(What is needed): The expected response is a copy of every line in the entries below that includes the word "informatie".

(Information given):
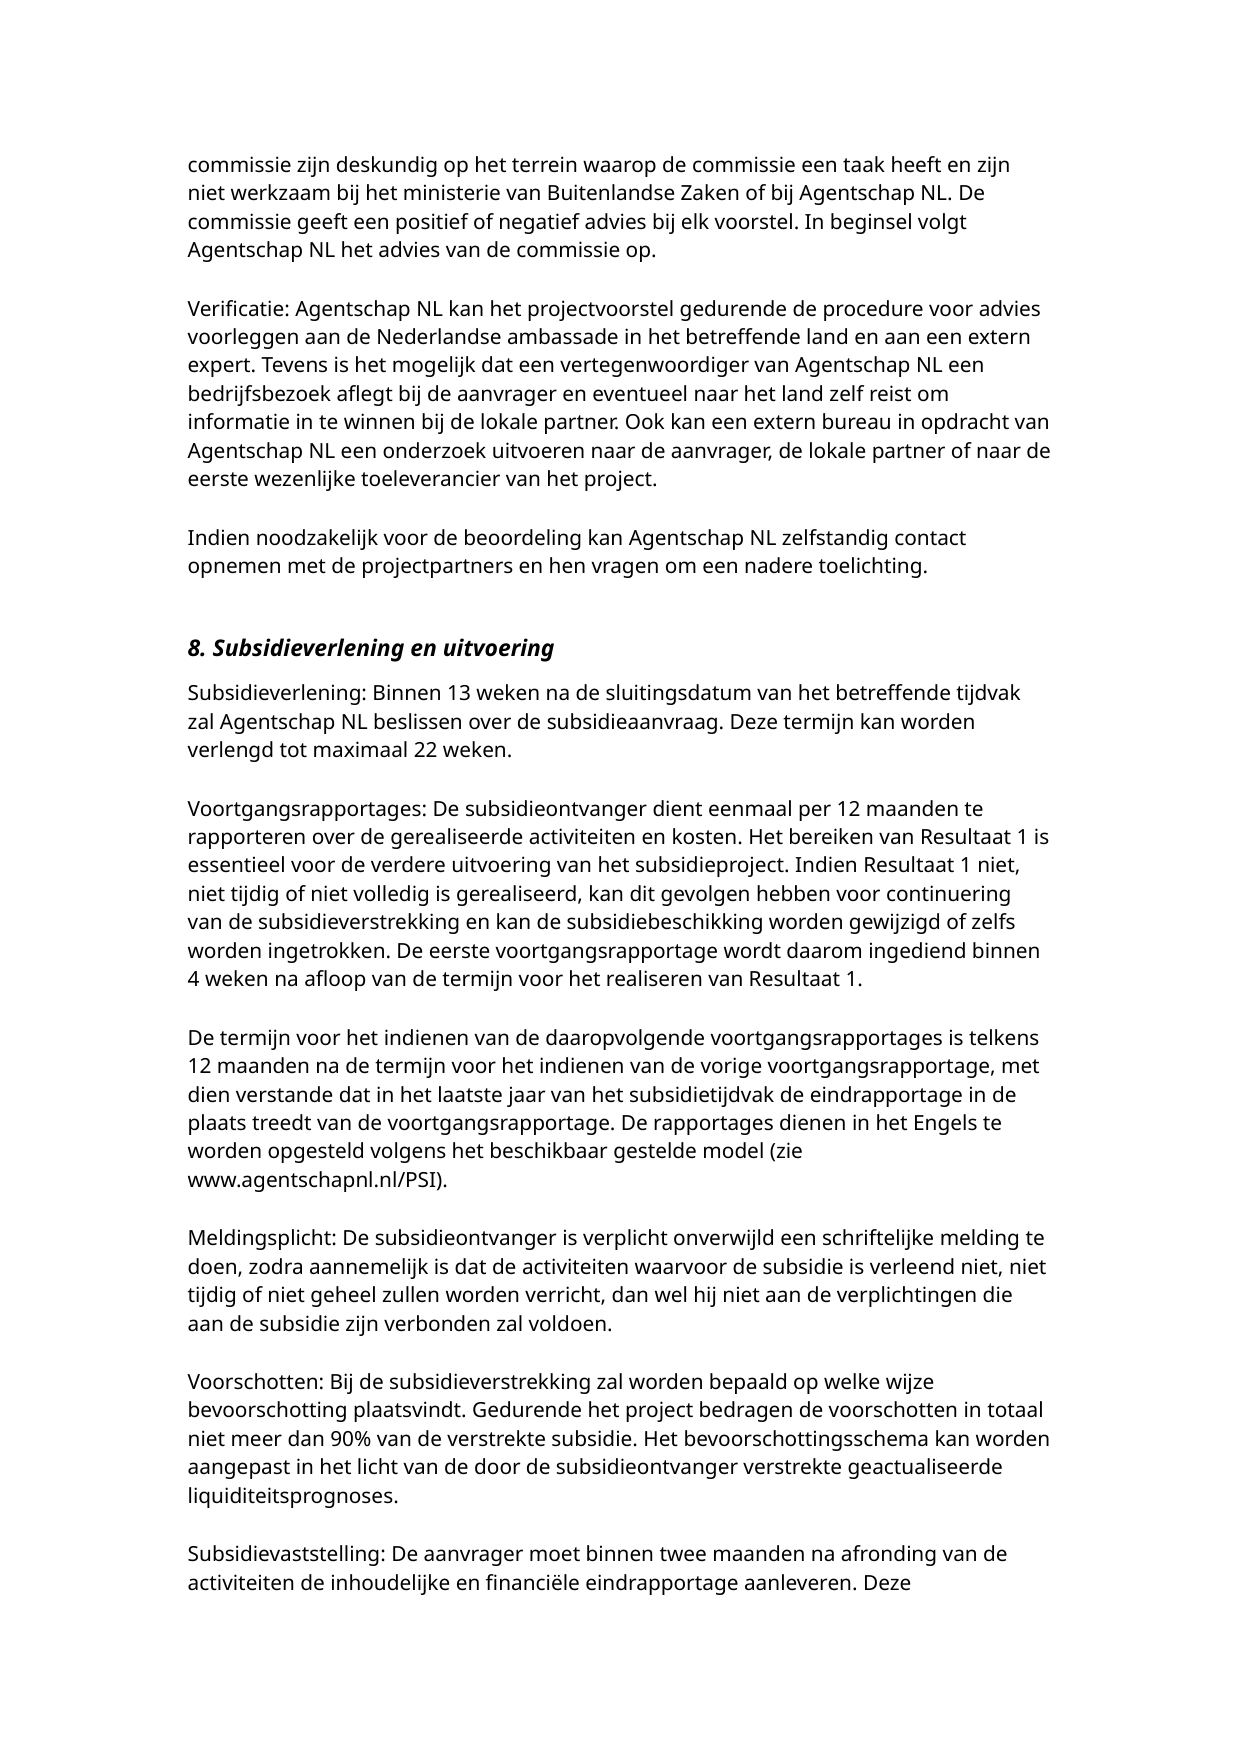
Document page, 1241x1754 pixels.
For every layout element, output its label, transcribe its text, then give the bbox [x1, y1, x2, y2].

text De termijn voor het indienen van de daaropvolgende voortgangsrapportages is telkens 12 maanden na de termijn voor het indienen van de vorige voortgangsrapportage, met dien verstande dat in het laatste jaar van het subsidietijdvak de eindrapportage in de plaats treedt van de voortgangsrapportage. De rapportages dienen in het Engels te worden opgesteld volgens het beschikbaar gestelde model (zie www.agentschapnl.nl/PSI). [187, 1023, 1053, 1193]
text Voortgangsrapportages: De subsidieontvanger dient eenmaal per 12 maanden te rapporteren over de gerealiseerde activiteiten en kosten. Het bereiken van Resultaat 1 is essentieel voor de verdere uitvoering van het subsidieproject. Indien Resultaat 1 niet, niet tijdig of niet volledig is gerealiseerd, kan dit gevolgen hebben voor continuering van de subsidieverstrekking en kan de subsidiebeschikking worden gewijzigd of zelfs worden ingetrokken. De eerste voortgangsrapportage wordt daarom ingediend binnen 4 weken na afloop van de termijn voor het realiseren van Resultaat 1. [187, 794, 1053, 993]
text Verificatie: Agentschap NL kan het projectvoorstel gedurende de procedure voor advies voorleggen aan de Nederlandse ambassade in het betreffende land en aan een extern expert. Tevens is het mogelijk dat een vertegenwoordiger van Agentschap NL een bedrijfsbezoek aflegt bij de aanvrager en eventueel naar het land zelf reist om informatie in te winnen bij de lokale partner. Ook kan een extern bureau in opdracht van Agentschap NL een onderzoek uitvoeren naar de aanvrager, de lokale partner of naar de eerste wezenlijke toeleverancier van het project. [187, 294, 1053, 493]
subtitle 8. Subsidieverlening en uitvoering [187, 632, 1053, 663]
text Subsidievaststelling: De aanvrager moet binnen twee maanden na afronding van de activiteiten de inhoudelijke en financiële eindrapportage aanleveren. Deze [187, 1539, 1053, 1596]
text commissie zijn deskundig op het terrein waarop de commissie een taak heeft en zijn niet werkzaam bij het ministerie van Buitenlandse Zaken of bij Agentschap NL. De commissie geeft een positief of negatief advies bij elk voorstel. In beginsel volgt Agentschap NL het advies van de commissie op. [187, 150, 1053, 264]
text Indien noodzakelijk voor de beoordeling kan Agentschap NL zelfstandig contact opnemen met de projectpartners en hen vragen om een nadere toelichting. [187, 523, 1053, 580]
text Subsidieverlening: Binnen 13 weken na de sluitingsdatum van het betreffende tijdvak zal Agentschap NL beslissen over de subsidieaanvraag. Deze termijn kan worden verlengd tot maximaal 22 weken. [187, 678, 1053, 764]
text Voorschotten: Bij de subsidieverstrekking zal worden bepaald op welke wijze bevoorschotting plaatsvindt. Gedurende het project bedragen de voorschotten in totaal niet meer dan 90% van de verstrekte subsidie. Het bevoorschottingsschema kan worden aangepast in het licht van de door de subsidieontvanger verstrekte geactualiseerde liquiditeitsprognoses. [187, 1367, 1053, 1509]
text Meldingsplicht: De subsidieontvanger is verplicht onverwijld een schriftelijke melding te doen, zodra aannemelijk is dat de activiteiten waarvoor de subsidie is verleend niet, niet tijdig of niet geheel zullen worden verricht, dan wel hij niet aan de verplichtingen die aan de subsidie zijn verbonden zal voldoen. [187, 1223, 1053, 1337]
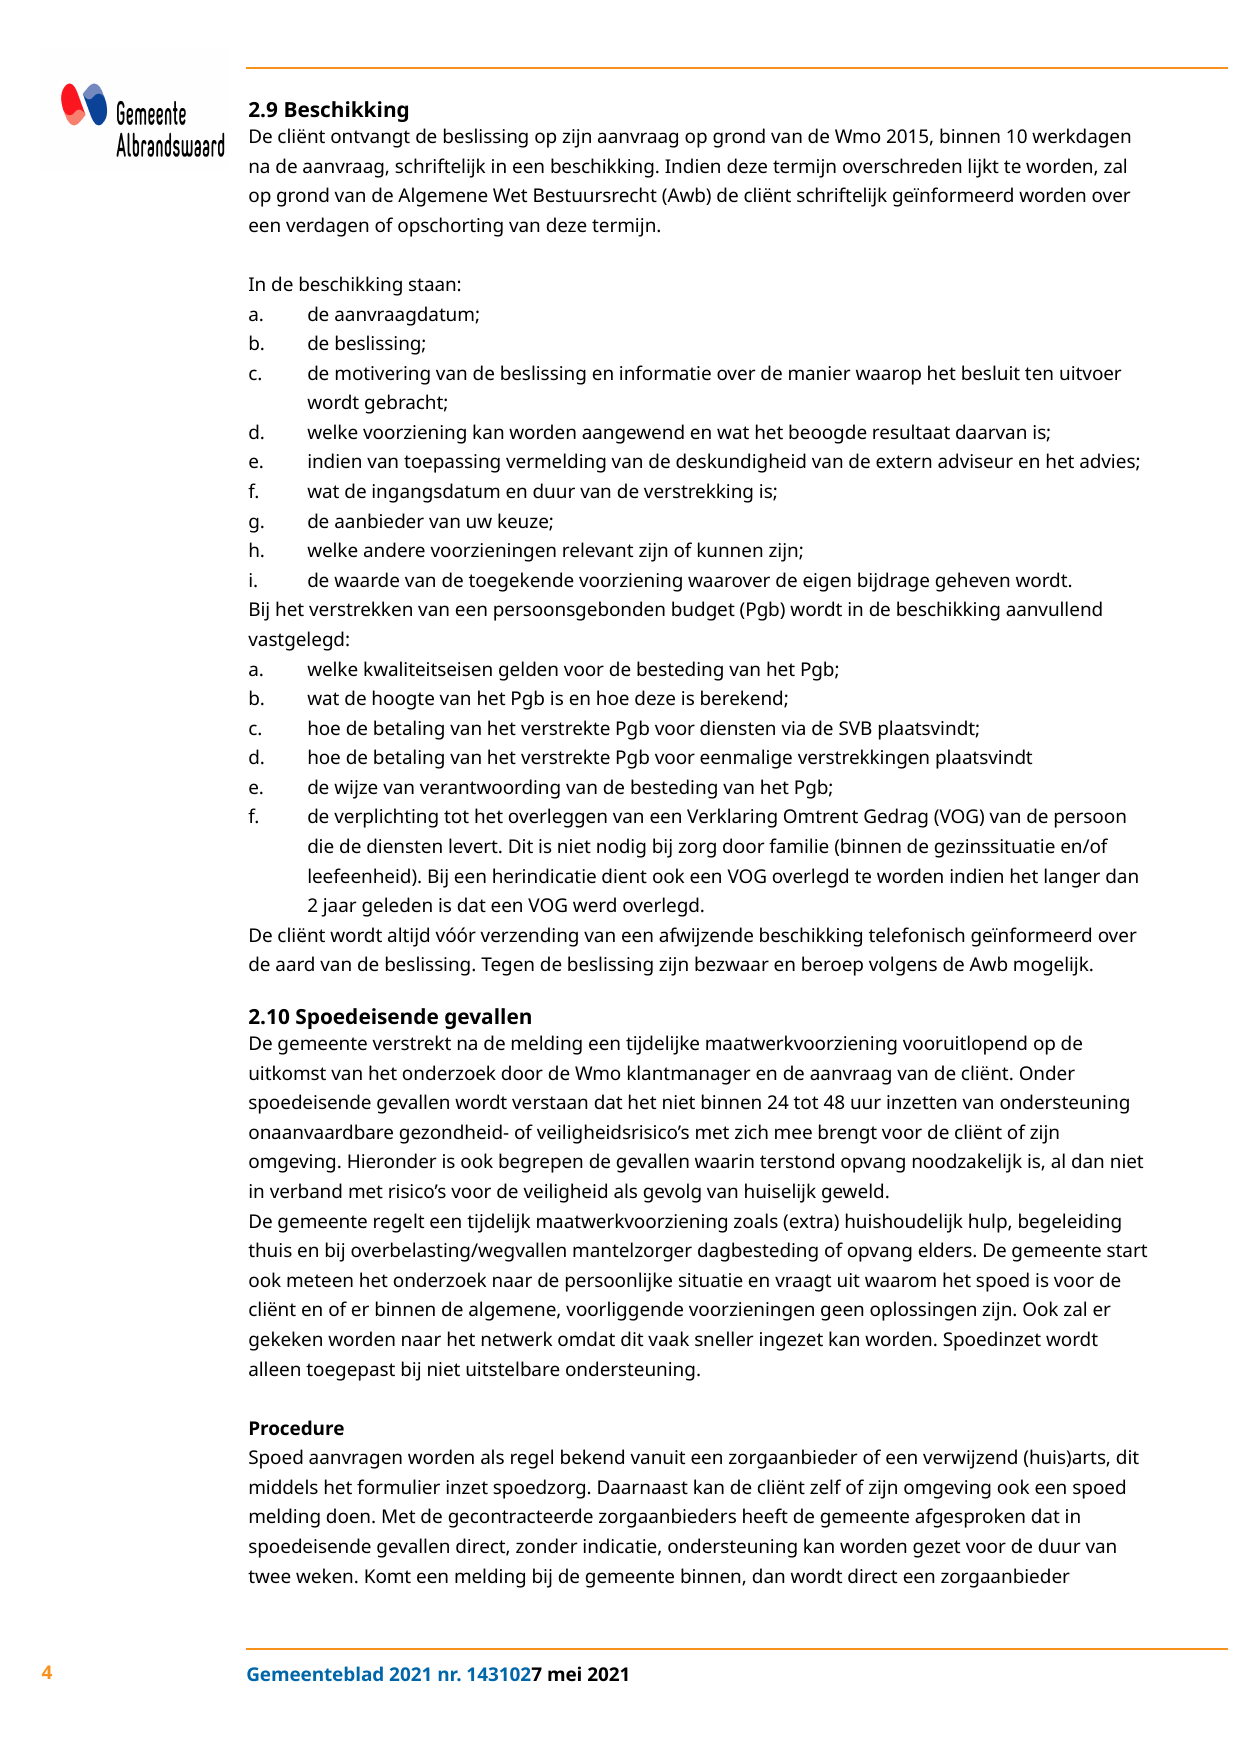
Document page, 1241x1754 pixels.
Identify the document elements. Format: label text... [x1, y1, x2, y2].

list de beslissing; [248, 330, 1152, 356]
list de aanbieder van uw keuze; [248, 508, 1152, 533]
text Spoed aanvragen worden als regel bekend vanuit een zorgaanbieder of een verwijzend (huis)arts, dit middels het formulier inzet spoedzorg. Daarnaast kan de cliënt zelf of zijn omgeving ook een spoed melding doen. Met de gecontracteerde zorgaanbieders heeft de gemeente afgesproken dat in spoedeisende gevallen direct, zonder indicatie, ondersteuning kan worden gezet voor de duur van twee weken. Komt een melding bij de gemeente binnen, dan wordt direct een zorgaanbieder [248, 1444, 1152, 1589]
list welke kwaliteitseisen gelden voor de besteding van het Pgb; [248, 656, 1152, 681]
list welke andere voorzieningen relevant zijn of kunnen zijn; [248, 537, 1152, 563]
list de aanvraagdatum; [248, 301, 1152, 326]
text De cliënt ontvangt de beslissing op zijn aanvraag op grond van de Wmo 2015, binnen 10 werkdagen na de aanvraag, schriftelijk in een beschikking. Indien deze termijn overschreden lijkt te worden, zal op grond van de Algemene Wet Bestuursrecht (Awb) de cliënt schriftelijk geïnformeerd worden over een verdagen of opschorting van deze termijn. [248, 123, 1152, 238]
picture [41, 47, 231, 172]
list welke voorziening kan worden aangewend en wat het beoogde resultaat daarvan is; [248, 419, 1152, 445]
text De cliënt wordt altijd vóór verzending van een afwijzende beschikking telefonisch geïnformeerd over de aard van de beslissing. Tegen de beslissing zijn bezwaar en beroep volgens de Awb mogelijk. [248, 922, 1152, 977]
list wat de hoogte van het Pgb is en hoe deze is berekend; [248, 685, 1152, 711]
text 2.10 Spoedeisende gevallen [248, 1002, 1152, 1030]
list de wijze van verantwoording van de besteding van het Pgb; [248, 774, 1152, 800]
text In de beschikking staan: [248, 271, 1152, 297]
text De gemeente regelt een tijdelijk maatwerkvoorziening zoals (extra) huishoudelijk hulp, begeleiding thuis en bij overbelasting/wegvallen mantelzorger dagbesteding of opvang elders. De gemeente start ook meteen het onderzoek naar de persoonlijke situatie en vraagt uit waarom het spoed is voor de cliënt en of er binnen de algemene, voorliggende voorzieningen geen oplossingen zijn. Ook zal er gekeken worden naar het netwerk omdat dit vaak sneller ingezet kan worden. Spoedinzet wordt alleen toegepast bij niet uitstelbare ondersteuning. [248, 1208, 1152, 1382]
list indien van toepassing vermelding van de deskundigheid van de extern adviseur en het advies; [248, 449, 1152, 474]
text 2.9 Beschikking [248, 95, 1152, 123]
list de waarde van de toegekende voorziening waarover de eigen bijdrage geheven wordt. [248, 567, 1152, 593]
list wat de ingangsdatum en duur van de verstrekking is; [248, 478, 1152, 504]
list hoe de betaling van het verstrekte Pgb voor diensten via de SVB plaatsvindt; [248, 715, 1152, 741]
text De gemeente verstrekt na de melding een tijdelijke maatwerkvoorziening vooruitlopend op de uitkomst van het onderzoek door de Wmo klantmanager en de aanvraag van de cliënt. Onder spoedeisende gevallen wordt verstaan dat het niet binnen 24 tot 48 uur inzetten van ondersteuning onaanvaardbare gezondheid- of veiligheidsrisico’s met zich mee brengt voor de cliënt of zijn omgeving. Hieronder is ook begrepen de gevallen waarin terstond opvang noodzakelijk is, al dan niet in verband met risico’s voor de veiligheid als gevolg van huiselijk geweld. [248, 1030, 1152, 1204]
text Procedure [248, 1415, 1152, 1441]
list de verplichting tot het overleggen van een Verklaring Omtrent Gedrag (VOG) van de persoon die de diensten levert. Dit is niet nodig bij zorg door familie (binnen de gezinssituatie en/of leefeenheid). Bij een herindicatie dient ook een VOG overlegd te worden indien het langer dan 2 jaar geleden is dat een VOG werd overlegd. [248, 804, 1152, 918]
list hoe de betaling van het verstrekte Pgb voor eenmalige verstrekkingen plaatsvindt [248, 744, 1152, 770]
text Bij het verstrekken van een persoonsgebonden budget (Pgb) wordt in de beschikking aanvullend vastgelegd: [248, 597, 1152, 652]
list de motivering van de beslissing en informatie over de manier waarop het besluit ten uitvoer wordt gebracht; [248, 360, 1152, 415]

(Exercise solution):
text Verificatie: Agentschap NL kan het projectvoorstel gedurende de procedure voor advies voorleggen aan de Nederlandse ambassade in het betreffende land en aan een extern expert. Tevens is het mogelijk dat een vertegenwoordiger van Agentschap NL een bedrijfsbezoek aflegt bij de aanvrager en eventueel naar het land zelf reist om informatie in te winnen bij de lokale partner. Ook kan een extern bureau in opdracht van Agentschap NL een onderzoek uitvoeren naar de aanvrager, de lokale partner of naar de eerste wezenlijke toeleverancier van het project. [187, 294, 1053, 493]
list de motivering van de beslissing en informatie over de manier waarop het besluit ten uitvoer wordt gebracht; [248, 360, 1152, 415]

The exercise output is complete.